> **WORK INSTRUCTION**: Under this line is some data; print exactly the lines from the one containing "Item: the coffee" through its last line, without pictures.

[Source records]
____________________

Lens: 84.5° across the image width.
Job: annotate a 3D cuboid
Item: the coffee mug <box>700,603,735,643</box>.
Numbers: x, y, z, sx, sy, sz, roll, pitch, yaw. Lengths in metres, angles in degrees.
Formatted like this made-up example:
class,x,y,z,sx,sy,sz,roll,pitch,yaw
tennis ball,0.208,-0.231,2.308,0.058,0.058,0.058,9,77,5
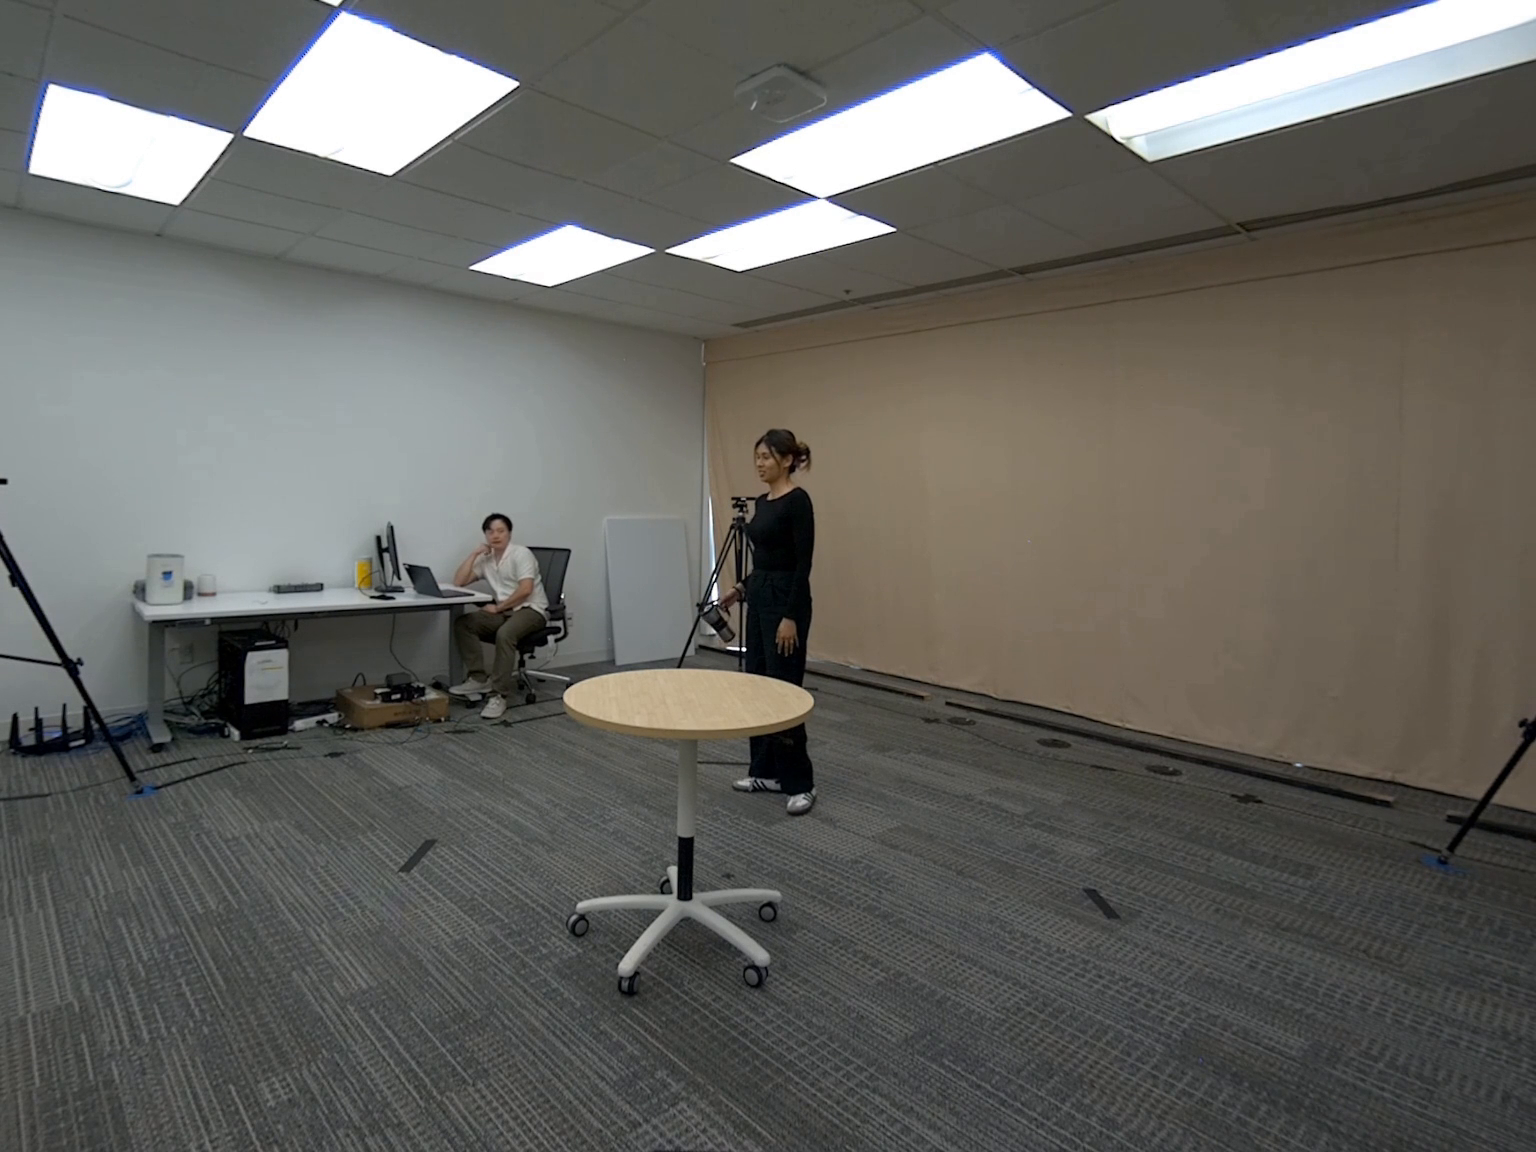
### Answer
class,x,y,z,sx,sy,sz,roll,pitch,yaw
coffee mug,-0.227,0.213,4.096,0.122,0.200,0.089,-42,12,-8
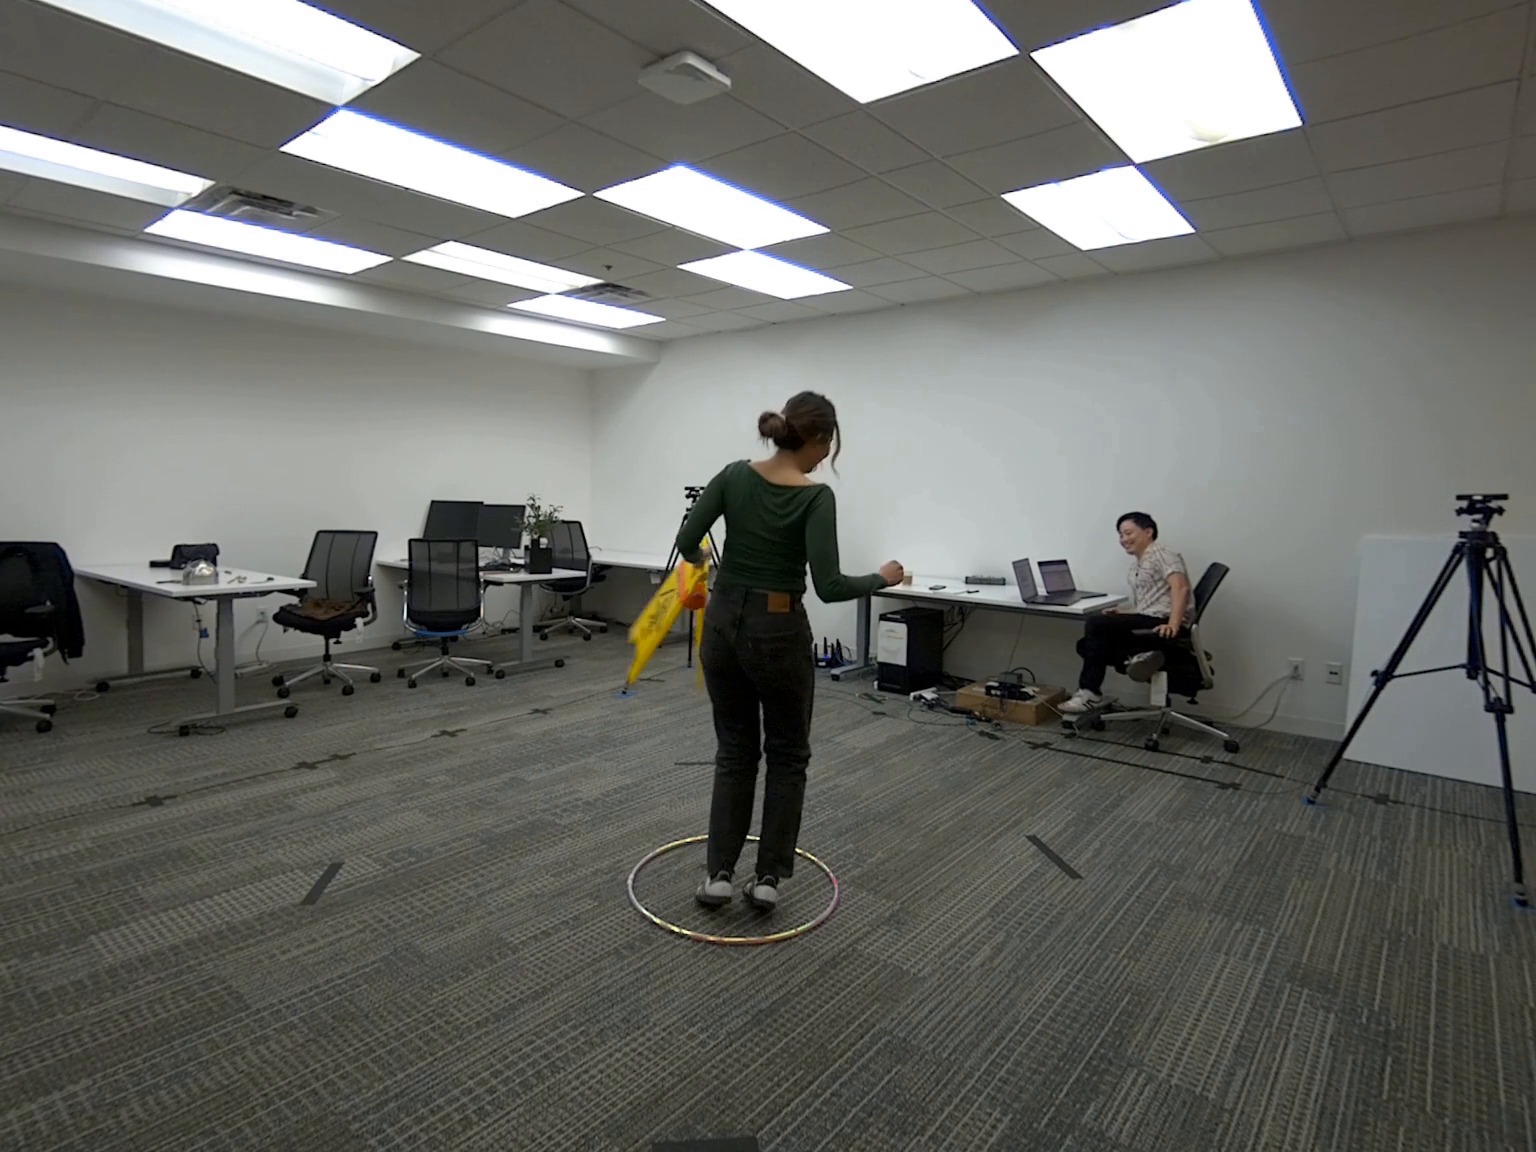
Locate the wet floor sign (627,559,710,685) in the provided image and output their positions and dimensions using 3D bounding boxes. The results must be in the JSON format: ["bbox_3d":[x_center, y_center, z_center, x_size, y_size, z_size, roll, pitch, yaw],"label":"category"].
[{"bbox_3d":[-0.307,0.133,3.202,0.285,0.637,0.291,10,44,-15],"label":"wet floor sign"}]
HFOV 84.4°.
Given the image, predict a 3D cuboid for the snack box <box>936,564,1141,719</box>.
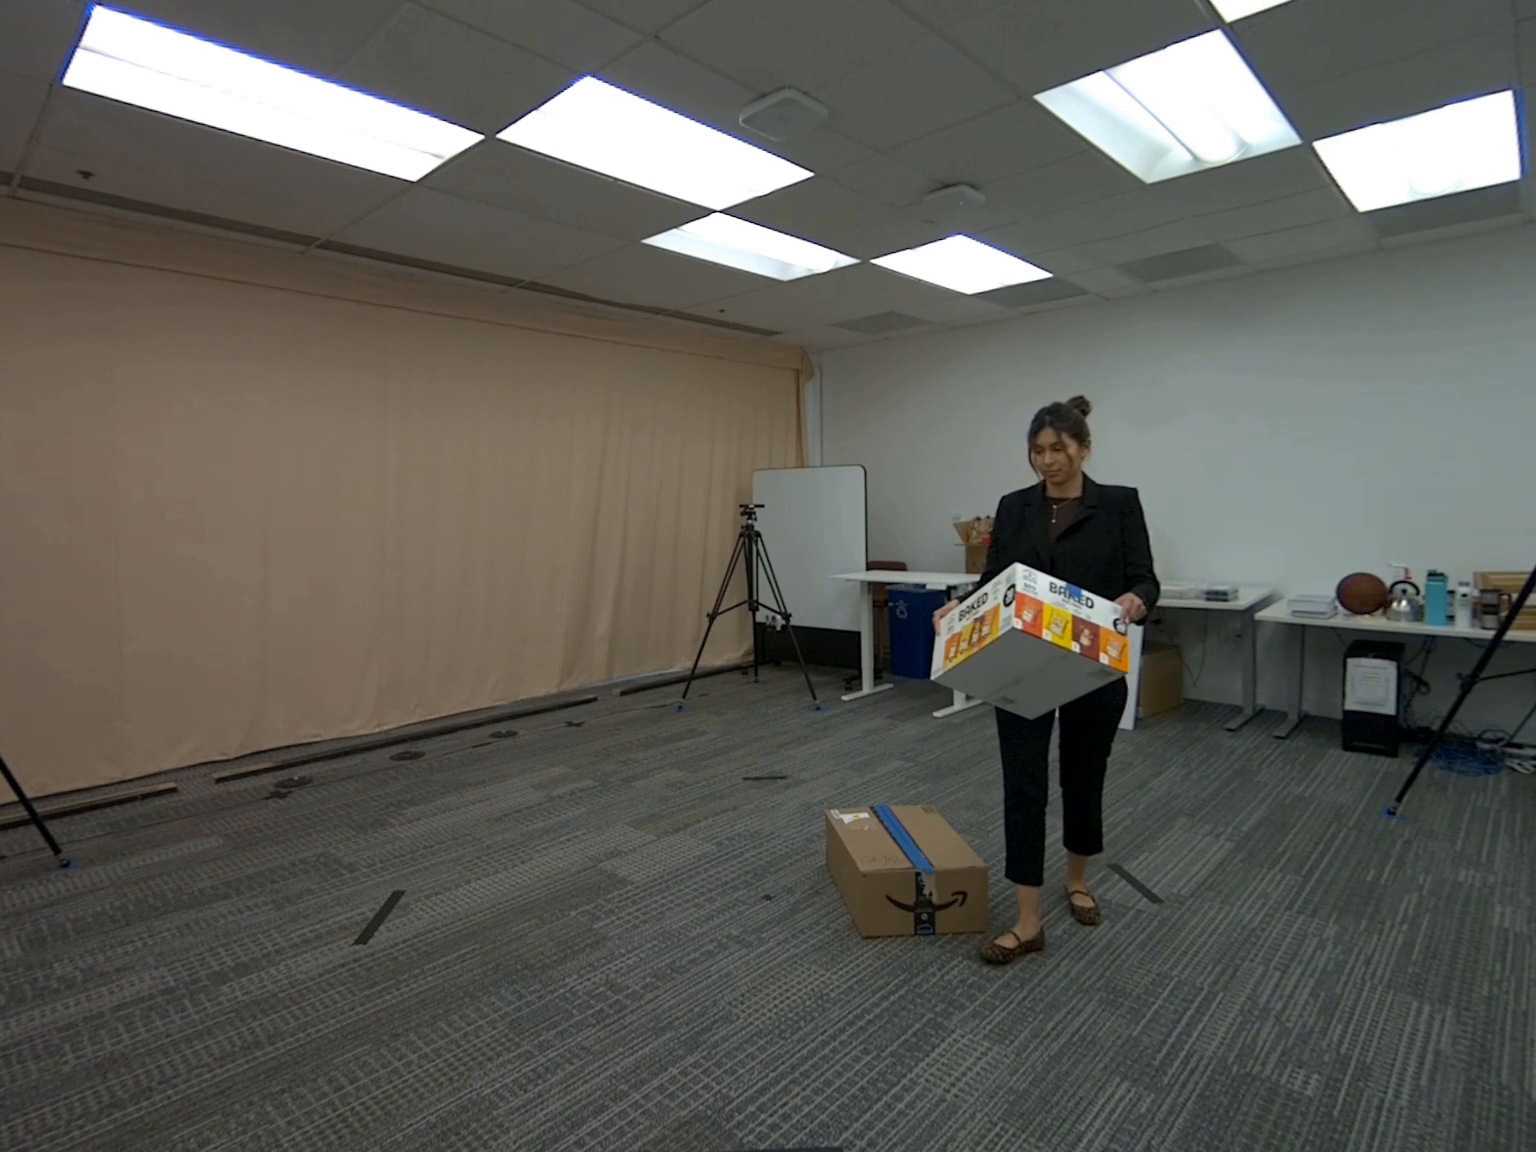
[{"bbox_3d":[0.730,0.195,2.332,0.337,0.207,0.406,22,-34,-9],"label":"snack box"}]

____________________

> **YOUR RESPONSE**:
Item: the coffee mug <box>700,603,735,643</box>.
Numbers: x, y, z, sx, sy, sz, roll, pitch, yaw. Lengths in metres, angles in degrees.
Formatted like this made-up example:
class,x,y,z,sx,sy,sz,roll,pitch,yaw
tennis ball,0.208,-0.231,2.308,0.058,0.058,0.058,9,77,5
### Answer
class,x,y,z,sx,sy,sz,roll,pitch,yaw
coffee mug,-0.227,0.213,4.096,0.122,0.200,0.089,-42,12,-8
Locate the wet floor sign (627,559,710,685) in the provided image and output their positions and dimensions using 3D bounding boxes. The results must be in the JSON format: ["bbox_3d":[x_center, y_center, z_center, x_size, y_size, z_size, roll, pitch, yaw],"label":"category"].
[{"bbox_3d":[-0.307,0.133,3.202,0.285,0.637,0.291,10,44,-15],"label":"wet floor sign"}]
HFOV 84.4°.
Given the image, predict a 3D cuboid for the snack box <box>936,564,1141,719</box>.
[{"bbox_3d":[0.730,0.195,2.332,0.337,0.207,0.406,22,-34,-9],"label":"snack box"}]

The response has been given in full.